Overview of Machine Vision and Fluorescence Microscopy

Pete Kepf, Certified Vision Professional- Advanced

Overview

Fluorescence microscopy has become an indispensable tool in the biological and material sciences. In biology, it is used to study living cells and tissues, in minerals, it is often used to study coal, and in technology to study ceramics and semiconductors. (Rost, 1999). Fluorescence microscopy is also used in food processing and drug manufacture. Due to its sensitivity, fluorescence microscopy is widely used in the biological sciences. Here we will examine three common machine vision factors and how they are addressed in fluorescence microscopy.

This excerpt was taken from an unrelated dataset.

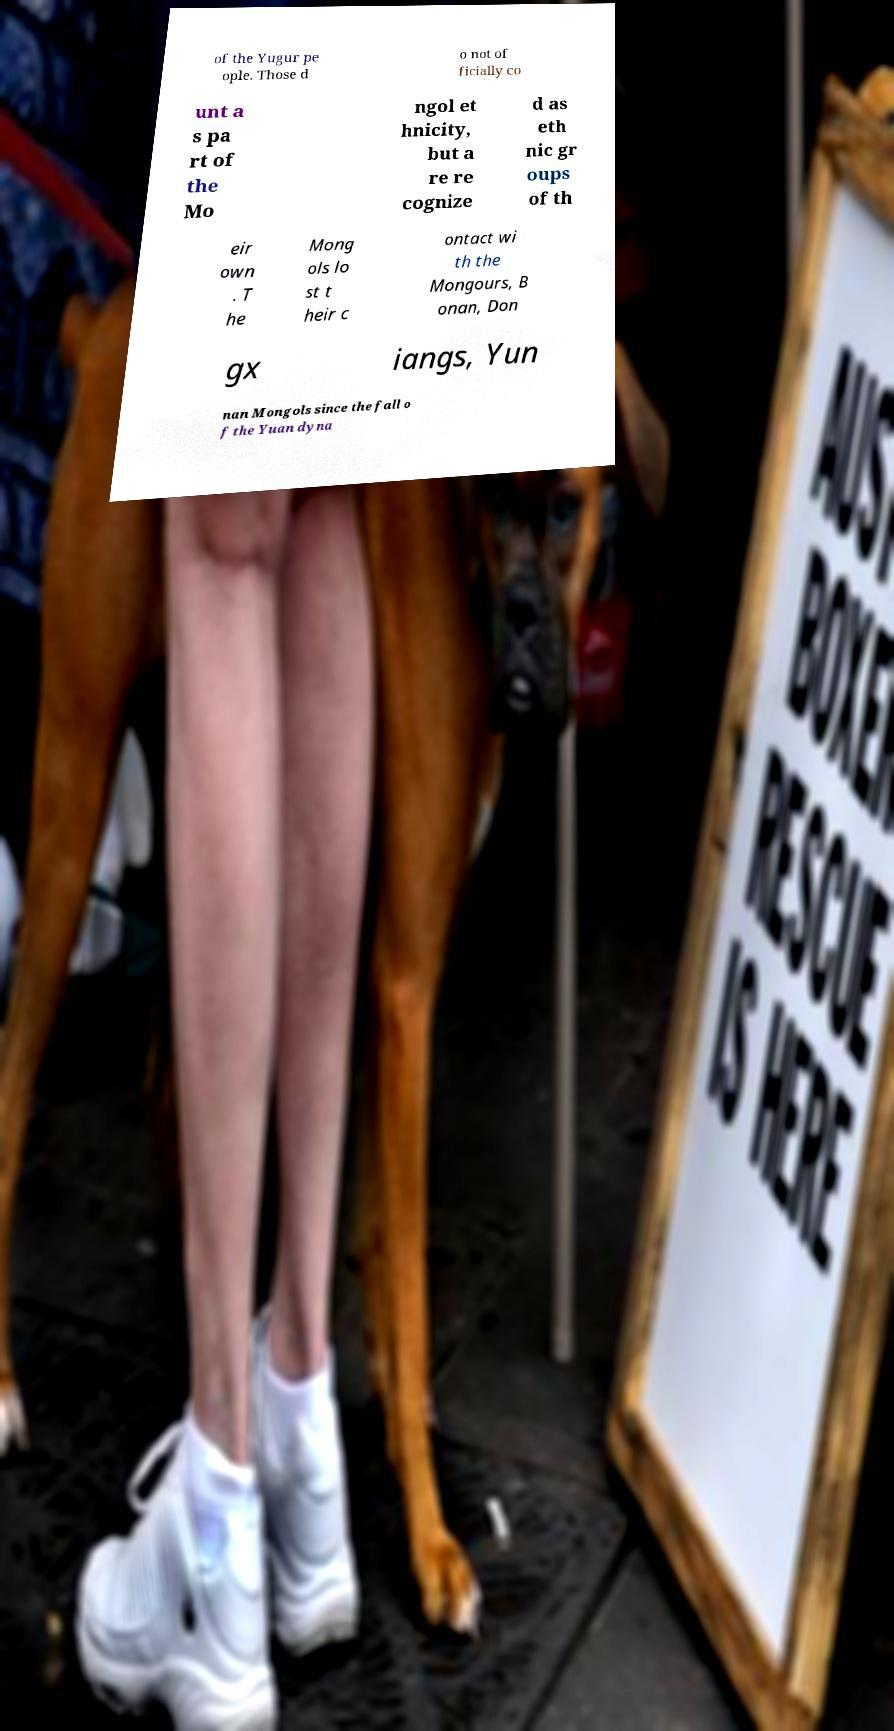Can you accurately transcribe the text from the provided image for me? of the Yugur pe ople. Those d o not of ficially co unt a s pa rt of the Mo ngol et hnicity, but a re re cognize d as eth nic gr oups of th eir own . T he Mong ols lo st t heir c ontact wi th the Mongours, B onan, Don gx iangs, Yun nan Mongols since the fall o f the Yuan dyna 
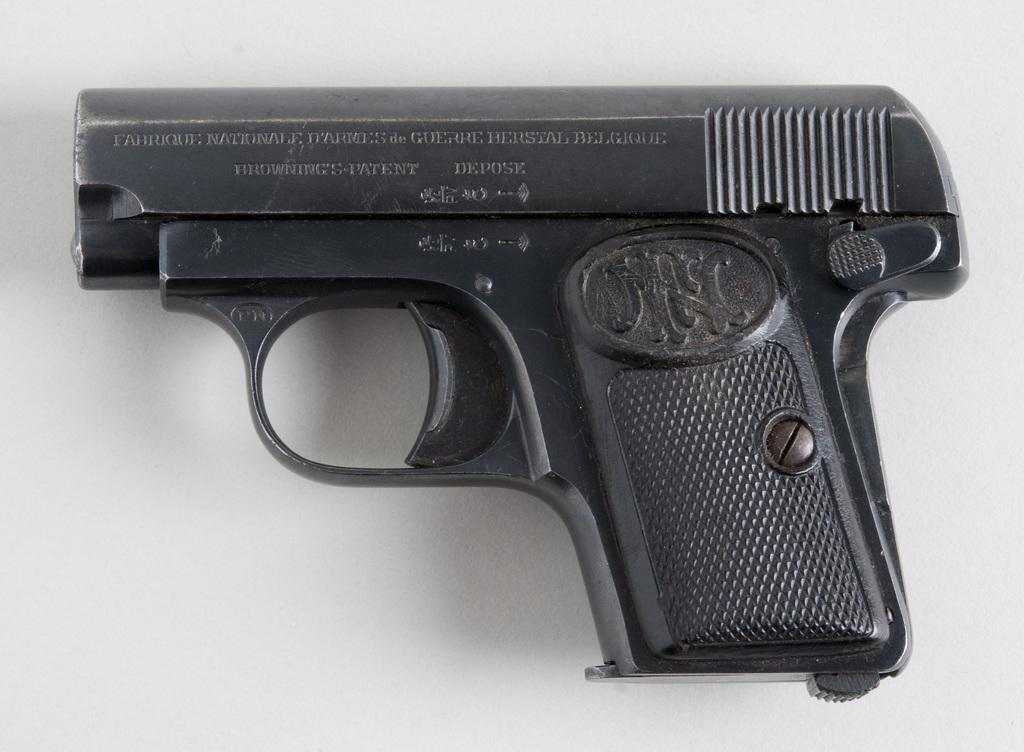What object is present on the table in the image? There is a gun on the table in the image. What type of turkey is being prepared on the table in the image? There is no turkey present in the image; it only features a gun on a table. What type of wire is connected to the gun in the image? There is no wire connected to the gun in the image; it is simply placed on the table.

The term “fluorescence” refers to the emission of light at a certain wavelength by an object that is illuminated at a different wavelength. We’re all familiar with a “black light” (ultraviolet light around 400 nanometers [nm]) that causes some materials to emit visible light (green around 540 nm or yellow around 575 nm). Shorter wavelengths have more energy than longer ones. Some of that energy is lost during the fluorescence process, causing the emitted light to have a longer wavelength (different color). Many materials fluoresce when illuminated, or rather “irradiated”. Knowing the fluorescent properties of their molecules has led to an expanding body of fluorescence microscopy applications.

A popular application for fluorescence microscopy is the study of genetic material. On method, termed “FISH” (Fluorescence In Situ Hybridization), uses fluorescent “probes” to optically differentiate different parts of chromosomes according to their emitted wavelength when irradiated. These probes are often derived from fragments of DNA that were isolated, purified, and amplified for use in the Human Genome Project (Wikipedia, 2019), and possess known fluorescence characteristics.

Figure 1 illustrates the fundamentals of fluorescence microscopy as applied to FISH, but actually apply nearly everywhere fluorescence microscopy is applied. White light contains all colors of the rainbow. When white light passes through the excitation filter, only blue is emitted. Blue was previously selected as the wavelength that would cause maximum excitation (fluorescence) of the specimen.

The cyan light strikes a Dichroic (“of two colors”) Mirror. These mirrors are designed to have high reflectivity to one wavelength and high transmissivity to another. They work based on the principle of interference, where one material transmits light (or a wavelength) different from another. We were introduced to interference as children, though we were unaware of it. Remember the multi-rainbow colors on soap bubbles? Soap transmits light differently than air does, resulting in shifting colors as the bubble ingredients, geometry and angles shift. In our FISH example, layers of material that transmit light differently are assembled into a dichroic mirror that transmits green but reflects blue.

The blue light, reflected by the mirror, excites the specimen and it fluoresces green (recall that the emitted wavelength will be longer than that of the initiating light). The green light, and a bit of reflected blue, strike the dichroic mirror. The mirror coating is not perfect, so a bit of blue passes through it also, but is blocked by the green filter so that only the desired wavelength (blue) is seen by the detector.